The second stage is to make the actual jittered calculations using two calculations from the first stage:
- [Longitude X] = MAX([long]) + [Sparkline X]
- [Latitude Y] = MAX([lat]) + [Sparkline Y] * .75
The .75 is used to scale the Y axis to the grid used by the data. The X axis seems fine with a scaling of 1 for my grid. Again, notice that these are aggregate calculations and I have used the MAX trick on the [lat] and [long] fields. For this type of data visualisation, you should make sure that [lat] and [long] are Dimensions, not measures. Also, watch out for axis reversal - we tend to say "X and Y" and "Latitude and Longitude", but Latitude should have the Y values, not the X values! One final note: If you create the Latitude/Longitude calculations by right-clicking on your [lat]/[long] fields when they are already marked with the correct geographical role, Tableau will create the new calculation with that role already assigned.
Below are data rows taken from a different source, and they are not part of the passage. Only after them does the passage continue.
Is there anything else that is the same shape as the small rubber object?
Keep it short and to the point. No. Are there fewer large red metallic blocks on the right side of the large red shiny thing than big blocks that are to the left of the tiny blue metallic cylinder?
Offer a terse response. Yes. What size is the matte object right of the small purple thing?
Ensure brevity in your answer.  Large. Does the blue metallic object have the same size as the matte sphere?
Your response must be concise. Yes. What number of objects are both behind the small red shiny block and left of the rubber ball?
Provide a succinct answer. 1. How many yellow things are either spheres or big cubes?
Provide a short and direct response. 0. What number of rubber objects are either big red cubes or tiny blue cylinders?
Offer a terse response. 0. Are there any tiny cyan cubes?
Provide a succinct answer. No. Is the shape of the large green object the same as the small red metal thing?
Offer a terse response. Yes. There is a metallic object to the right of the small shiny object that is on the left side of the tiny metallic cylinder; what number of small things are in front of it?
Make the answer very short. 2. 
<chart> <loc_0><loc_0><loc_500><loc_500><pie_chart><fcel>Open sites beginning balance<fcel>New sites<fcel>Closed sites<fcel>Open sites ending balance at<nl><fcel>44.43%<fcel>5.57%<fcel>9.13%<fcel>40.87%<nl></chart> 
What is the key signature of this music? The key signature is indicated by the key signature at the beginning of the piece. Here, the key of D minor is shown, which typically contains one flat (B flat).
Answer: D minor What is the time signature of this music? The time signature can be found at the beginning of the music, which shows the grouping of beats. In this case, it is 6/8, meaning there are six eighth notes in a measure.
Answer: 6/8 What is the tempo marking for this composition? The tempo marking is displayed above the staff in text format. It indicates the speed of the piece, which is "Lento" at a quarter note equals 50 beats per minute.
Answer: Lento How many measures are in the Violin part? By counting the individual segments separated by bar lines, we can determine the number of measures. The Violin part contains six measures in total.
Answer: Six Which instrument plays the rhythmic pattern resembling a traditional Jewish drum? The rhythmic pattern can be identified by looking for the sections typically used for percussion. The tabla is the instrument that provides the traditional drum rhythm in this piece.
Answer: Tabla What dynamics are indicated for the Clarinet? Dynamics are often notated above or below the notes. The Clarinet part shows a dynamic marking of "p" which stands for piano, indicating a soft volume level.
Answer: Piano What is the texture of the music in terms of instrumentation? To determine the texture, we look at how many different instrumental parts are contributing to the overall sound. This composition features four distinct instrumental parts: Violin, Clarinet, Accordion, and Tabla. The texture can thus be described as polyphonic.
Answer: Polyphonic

(Incidentally, splitting up the calculations this way is an example of what we Software Engineers call "separation of concerns": the Sparkline calculations are "concerned" with the properties of the X/Y values and the Latitude calculations are "concerned" with the properties of the grid. Then if you need to adjust something, you know exactly where to go to fix it.)
Now that we have everything ready, we just need to build the visualisation! (It may help to turn off automatic updates until the visualisation is ready.) Double click on the [Latitude X] and [Longitude Y] calculations to get them onto the Rows and Columns shelves. This gives us our map background. (Make sure that the appropriate Background Map is selected in the Data menu.) Put [lat] and [long] onto the Level of Detail shelf so that the lines are split up onto the grid. Choose the Line mark on the Marks card and put the X axis value onto the path (YEAR([date]) in my example). Now turn on automatic updates and you should have a beautiful set of sparklines on your map!
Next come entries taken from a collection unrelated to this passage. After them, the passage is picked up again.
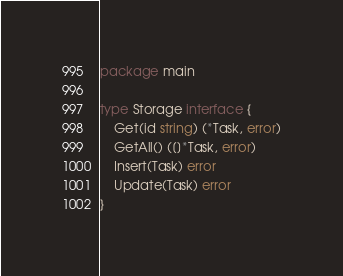Convert code to text. <code><loc_0><loc_0><loc_500><loc_500><_Go_>package main

type Storage interface {
	Get(id string) (*Task, error)
	GetAll() ([]*Task, error)
	Insert(Task) error
	Update(Task) error
}
</code>

As I mentioned above, you can add visual cues for the Y axis by putting the Y value onto the Colour shelf. In my example, this is AVG([anomaly]) and I edited the colour encoding to use 5 steps to make it easier to read. I also changed the default colour ramp to be a blue-red diverging because we tend to associate blue with cold and red with hot and the range is symmetric (like the colours).
And here is the final image:
I have attached a packaged workbook containing the example data and calculations for you to play with. The original data set is quite large, so I have created an extract containing only the data in a single worksheet. Let me know how it tastes!
There is something interesting lurking in this example besides how to put sparklines on maps. Have a look at the sparklines on the left of the map and compare them to the ones on the right. Notice the costal marks show a much less pronounced upswing in recent decades. This is because the ocean is a much better heat sink than the land (a fact that we here in Seattle are very thankful for in late July!) It is also a nice graphical illustration of why the term "global warming" is being replaced by "climate change" in public discourse: The warming is not uniform and is often affected by the local topography. Looking at the full data set (which is sadly too large to include with this posting) there are a number of other patterns that jump out when one has the high data density afforded by sparklines. I'll follow up if I find anything unexpected.